-- Opening Marker --

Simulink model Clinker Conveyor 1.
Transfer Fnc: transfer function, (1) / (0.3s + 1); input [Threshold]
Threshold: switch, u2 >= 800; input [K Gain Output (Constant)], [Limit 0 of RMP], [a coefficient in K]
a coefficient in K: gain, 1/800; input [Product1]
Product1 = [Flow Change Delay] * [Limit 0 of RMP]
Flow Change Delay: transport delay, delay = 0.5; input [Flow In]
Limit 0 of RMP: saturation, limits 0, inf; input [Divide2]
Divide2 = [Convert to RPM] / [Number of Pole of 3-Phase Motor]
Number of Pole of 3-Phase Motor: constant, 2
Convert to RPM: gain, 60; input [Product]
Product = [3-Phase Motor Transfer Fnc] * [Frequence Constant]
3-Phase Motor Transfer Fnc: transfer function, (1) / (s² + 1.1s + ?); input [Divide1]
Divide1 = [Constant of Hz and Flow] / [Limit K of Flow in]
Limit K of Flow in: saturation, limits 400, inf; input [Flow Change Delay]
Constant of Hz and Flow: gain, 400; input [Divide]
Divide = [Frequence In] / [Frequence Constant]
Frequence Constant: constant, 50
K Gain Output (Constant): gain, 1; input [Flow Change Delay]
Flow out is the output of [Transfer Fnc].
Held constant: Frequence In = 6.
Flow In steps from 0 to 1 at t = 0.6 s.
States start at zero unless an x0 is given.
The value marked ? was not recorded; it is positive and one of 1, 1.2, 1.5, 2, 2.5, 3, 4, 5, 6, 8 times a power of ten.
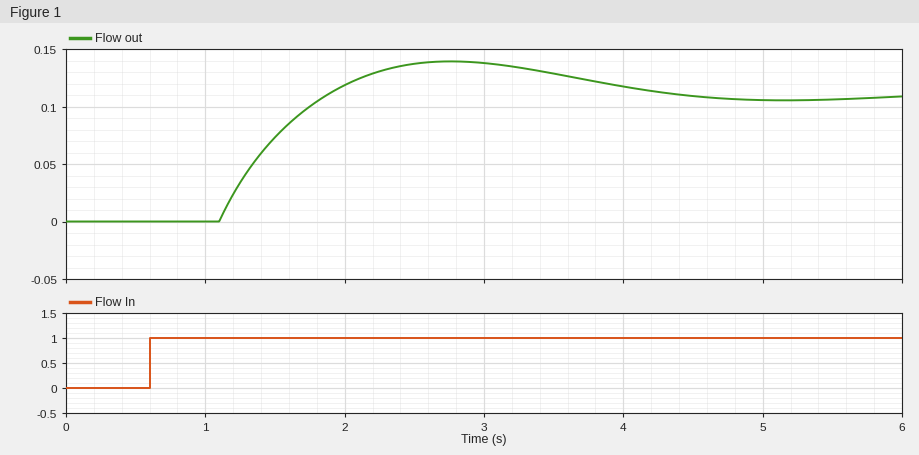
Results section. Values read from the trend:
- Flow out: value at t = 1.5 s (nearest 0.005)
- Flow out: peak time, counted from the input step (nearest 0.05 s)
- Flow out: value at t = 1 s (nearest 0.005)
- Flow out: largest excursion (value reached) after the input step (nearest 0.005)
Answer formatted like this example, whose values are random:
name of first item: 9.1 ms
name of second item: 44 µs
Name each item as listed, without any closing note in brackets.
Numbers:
Flow out: value at t = 1.5 s: 0.075
Flow out: peak time, counted from the input step: 2.15 s
Flow out: value at t = 1 s: 0.000
Flow out: largest excursion (value reached) after the input step: 0.140
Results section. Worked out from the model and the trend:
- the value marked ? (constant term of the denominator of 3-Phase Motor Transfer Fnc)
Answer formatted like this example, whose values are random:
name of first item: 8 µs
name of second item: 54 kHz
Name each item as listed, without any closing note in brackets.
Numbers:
the value marked ?: 2
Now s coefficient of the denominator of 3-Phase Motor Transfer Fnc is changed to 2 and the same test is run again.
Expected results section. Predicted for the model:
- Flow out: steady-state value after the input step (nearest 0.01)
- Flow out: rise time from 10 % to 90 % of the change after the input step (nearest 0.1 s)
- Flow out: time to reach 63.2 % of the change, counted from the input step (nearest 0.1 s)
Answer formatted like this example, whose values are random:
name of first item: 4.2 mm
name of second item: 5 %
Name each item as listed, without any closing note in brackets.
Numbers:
Flow out: steady-state value after the input step: 0.11
Flow out: rise time from 10 % to 90 % of the change after the input step: 1.1 s
Flow out: time to reach 63.2 % of the change, counted from the input step: 1.1 s
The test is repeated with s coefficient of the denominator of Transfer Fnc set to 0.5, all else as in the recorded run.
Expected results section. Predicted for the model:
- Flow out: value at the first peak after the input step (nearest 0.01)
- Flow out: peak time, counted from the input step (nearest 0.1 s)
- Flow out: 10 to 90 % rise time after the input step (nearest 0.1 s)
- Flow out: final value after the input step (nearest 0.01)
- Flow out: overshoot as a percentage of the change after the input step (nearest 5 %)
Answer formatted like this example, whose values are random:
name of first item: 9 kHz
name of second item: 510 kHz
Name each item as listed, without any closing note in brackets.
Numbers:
Flow out: value at the first peak after the input step: 0.13
Flow out: peak time, counted from the input step: 2.4 s
Flow out: 10 to 90 % rise time after the input step: 0.8 s
Flow out: final value after the input step: 0.11
Flow out: overshoot as a percentage of the change after the input step: 20 %
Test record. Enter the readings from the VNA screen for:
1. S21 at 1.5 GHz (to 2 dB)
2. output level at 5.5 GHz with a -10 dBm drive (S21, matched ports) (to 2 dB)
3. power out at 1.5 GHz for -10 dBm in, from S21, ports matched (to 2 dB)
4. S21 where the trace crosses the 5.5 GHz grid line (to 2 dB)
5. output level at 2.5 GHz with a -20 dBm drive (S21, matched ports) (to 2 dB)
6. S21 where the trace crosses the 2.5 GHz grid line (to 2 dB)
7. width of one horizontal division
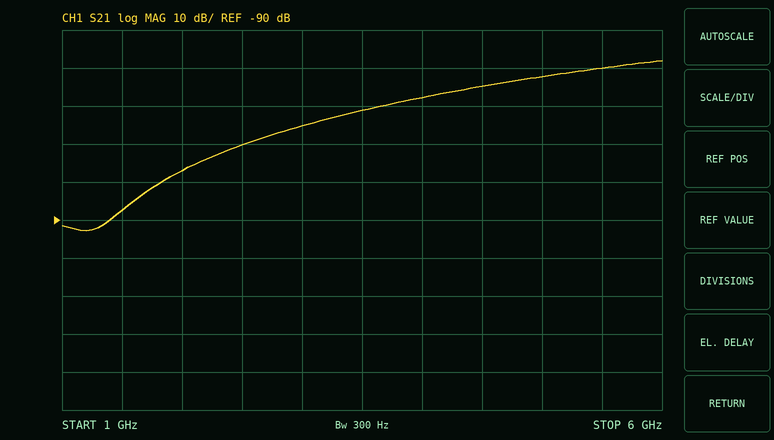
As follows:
-88 dB
-60 dBm
-98 dBm
-50 dB
-90 dBm
-70 dB
500 MHz
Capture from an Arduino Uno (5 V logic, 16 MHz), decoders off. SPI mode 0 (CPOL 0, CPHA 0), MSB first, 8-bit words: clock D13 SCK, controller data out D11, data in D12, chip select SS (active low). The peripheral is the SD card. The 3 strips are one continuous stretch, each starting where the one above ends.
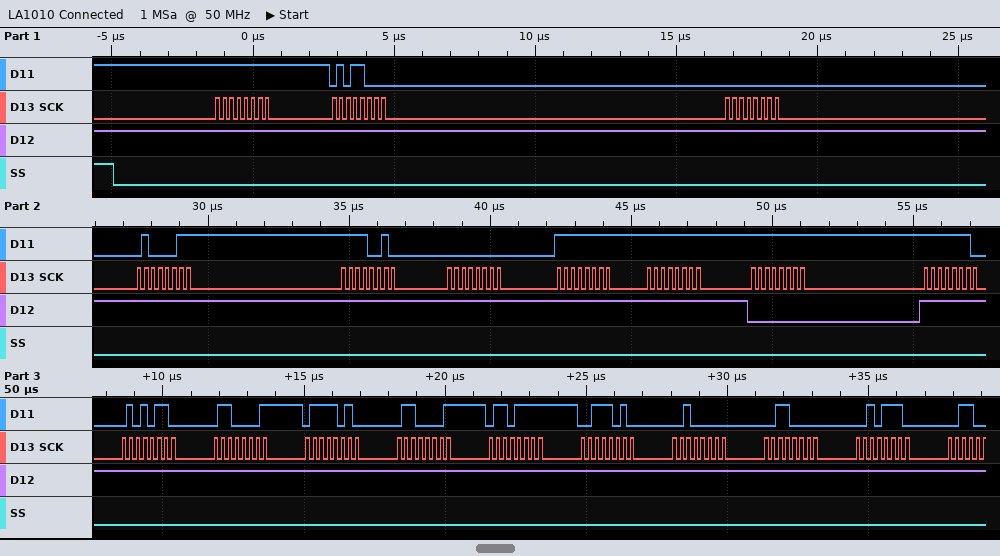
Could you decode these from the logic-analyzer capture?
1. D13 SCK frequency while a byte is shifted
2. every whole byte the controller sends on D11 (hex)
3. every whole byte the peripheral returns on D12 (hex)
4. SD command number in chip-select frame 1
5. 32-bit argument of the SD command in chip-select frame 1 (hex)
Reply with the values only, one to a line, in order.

4 MHz
0xFF 0x58 0x00 0x43 0xF2 0x00 0xFF 0xFF 0xFF 0xFE 0x56 0x61 0x7A 0x61 0x6F 0x3A 0x20 0x30 0x2E
0xFF 0xFF 0xFF 0xFF 0xFF 0xFF 0xFF 0xFF 0x00 0xFF 0xFF 0xFF 0xFF 0xFF 0xFF 0xFF 0xFF 0xFF 0xFF
CMD24
0x0043F200
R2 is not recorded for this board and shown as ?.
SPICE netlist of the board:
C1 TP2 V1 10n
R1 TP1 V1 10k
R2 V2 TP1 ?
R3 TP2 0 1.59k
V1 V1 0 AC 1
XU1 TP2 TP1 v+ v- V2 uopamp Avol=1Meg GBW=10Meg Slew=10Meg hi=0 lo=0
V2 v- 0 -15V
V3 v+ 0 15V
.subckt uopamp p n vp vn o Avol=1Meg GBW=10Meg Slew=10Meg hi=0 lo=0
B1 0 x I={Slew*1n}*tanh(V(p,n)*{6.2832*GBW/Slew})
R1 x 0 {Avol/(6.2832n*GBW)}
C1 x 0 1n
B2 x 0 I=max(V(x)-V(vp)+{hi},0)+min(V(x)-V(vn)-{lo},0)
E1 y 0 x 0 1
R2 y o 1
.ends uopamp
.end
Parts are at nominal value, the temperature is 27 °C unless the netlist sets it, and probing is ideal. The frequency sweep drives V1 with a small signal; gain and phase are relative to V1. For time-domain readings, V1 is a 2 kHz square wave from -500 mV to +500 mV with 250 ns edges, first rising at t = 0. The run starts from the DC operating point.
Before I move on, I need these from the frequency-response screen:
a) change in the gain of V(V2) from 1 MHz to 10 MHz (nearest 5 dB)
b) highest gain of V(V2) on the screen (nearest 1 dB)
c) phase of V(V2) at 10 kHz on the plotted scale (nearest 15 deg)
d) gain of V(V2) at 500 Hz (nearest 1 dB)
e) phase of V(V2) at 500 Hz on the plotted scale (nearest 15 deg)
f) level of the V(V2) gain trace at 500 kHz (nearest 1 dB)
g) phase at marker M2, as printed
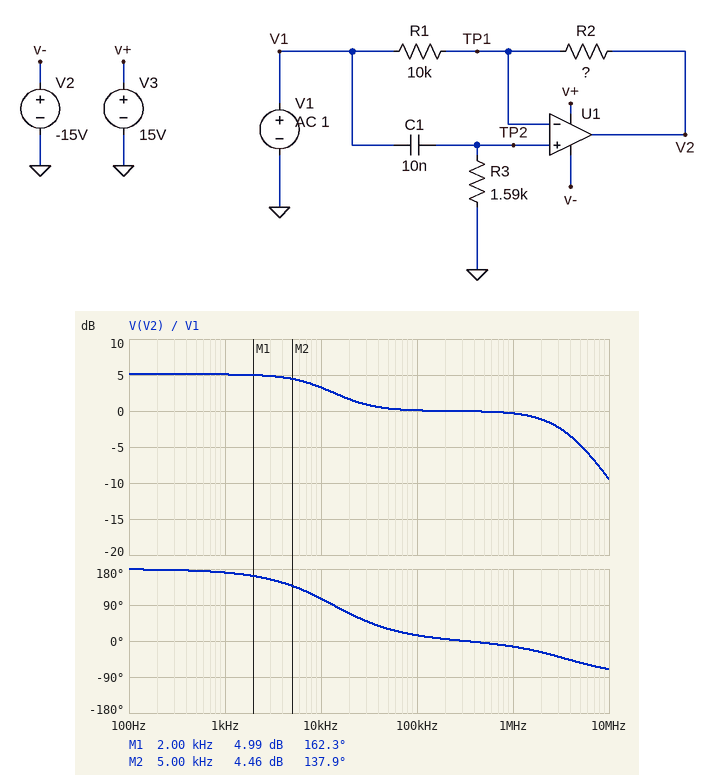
-10 dB
5 dB
105 deg
5 dB
180 deg
0 dB
137.9 deg
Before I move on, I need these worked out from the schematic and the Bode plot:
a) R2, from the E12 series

18 kΩ
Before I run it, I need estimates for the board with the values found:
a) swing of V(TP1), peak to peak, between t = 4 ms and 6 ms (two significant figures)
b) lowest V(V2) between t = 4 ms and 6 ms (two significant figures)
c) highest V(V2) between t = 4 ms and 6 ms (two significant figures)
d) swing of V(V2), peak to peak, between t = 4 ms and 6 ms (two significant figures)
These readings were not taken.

2.0 V
-1.9 V
1.9 V
3.7 V
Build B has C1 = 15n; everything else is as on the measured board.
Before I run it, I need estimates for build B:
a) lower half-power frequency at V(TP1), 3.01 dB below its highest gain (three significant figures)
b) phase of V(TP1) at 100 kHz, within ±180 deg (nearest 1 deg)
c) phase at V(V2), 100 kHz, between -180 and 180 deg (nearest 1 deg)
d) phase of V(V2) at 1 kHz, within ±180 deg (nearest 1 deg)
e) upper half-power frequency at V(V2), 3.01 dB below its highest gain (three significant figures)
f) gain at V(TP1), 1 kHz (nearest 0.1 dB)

6.65 kHz
3 deg
9 deg
167 deg
10.8 kHz
-16.6 dB
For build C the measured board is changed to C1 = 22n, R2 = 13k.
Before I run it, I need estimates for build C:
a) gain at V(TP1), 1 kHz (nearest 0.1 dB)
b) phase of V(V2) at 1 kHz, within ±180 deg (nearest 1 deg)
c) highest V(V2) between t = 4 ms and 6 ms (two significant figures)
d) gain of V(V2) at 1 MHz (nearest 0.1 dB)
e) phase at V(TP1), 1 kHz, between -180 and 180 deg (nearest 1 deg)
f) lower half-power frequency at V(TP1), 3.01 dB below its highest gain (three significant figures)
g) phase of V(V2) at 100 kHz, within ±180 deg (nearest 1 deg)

-13.4 dB
158 deg
1.6 V
-0.2 dB
78 deg
4.54 kHz
5 deg

-- Closing Marker --

● WHAT YOU HAVE TO DO: From the listing above, count the lines that include the word "command" and give the total alone.

● SOLUTION TO THE PROBLEM: 2